Una bacteria terrible, fulminante, voraz, que afortunadamente no se llevó por delante la vida de Davide (se llevó solo sus brazos y sus piernas), aunque sí la de miles de personas en el mundo cada año. 


En España la vacuna contra el meningococo C – serotipo que afectó a Davide – se aplica sistemáticamente desde el año 2000. Pero Davide es italiano, y parece ser que cuando era pequeño esta vacuna no estaba incluida en el calendario de vacunaciones de su país. 

¿REALMENTE CONOCES ESTA ENFERMEDAD?


La enfermedad meningocócica afecta a personas de todo el mundo, niños y adultos, mujeres y hombres, en países subdesarrollados y en el primerísimo primer mundo.

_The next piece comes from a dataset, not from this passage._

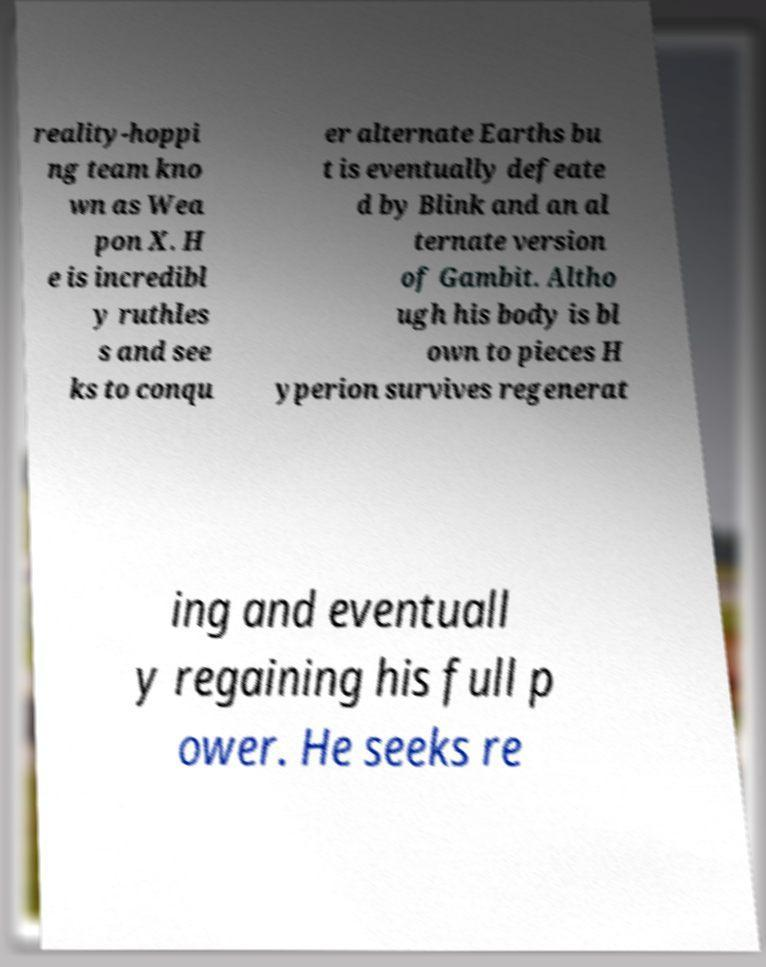There's text embedded in this image that I need extracted. Can you transcribe it verbatim? reality-hoppi ng team kno wn as Wea pon X. H e is incredibl y ruthles s and see ks to conqu er alternate Earths bu t is eventually defeate d by Blink and an al ternate version of Gambit. Altho ugh his body is bl own to pieces H yperion survives regenerat ing and eventuall y regaining his full p ower. He seeks re

Pero sorprendentemente no sabemos nada sobre ella. Sinceramente, a mi la palabra ‘meningitis’ me sonaba, sabía que era una enfermedad que afecta al cerebro y poco más, ni causas, ni síntomas, ni consecuencias. No sabemos por qué enfermó Davide, ¿se contagió? ¿una infección anterior de convirtió en esto? ¿era portador? Siempre nos quedarán estas incógnitas. La meningitis es difícil de detectar, pero conociendo los síntomas y concienciando sobre la importancia de la vacunación se podrían evitar muchas muertes. 

Esta bacteria actúa en horas y te cambia la vida para siempre. Para nosotros aun queda un largo trecho. Davide recibió el alta hospitalario hace solo dos semanas, y cuenta los minutos y los días para poder empezar la rehabilitación protésica, volver a andar y ser dueño de su vida. Y yo estoy segura de que conseguirá todo lo que se proponga y mucho más.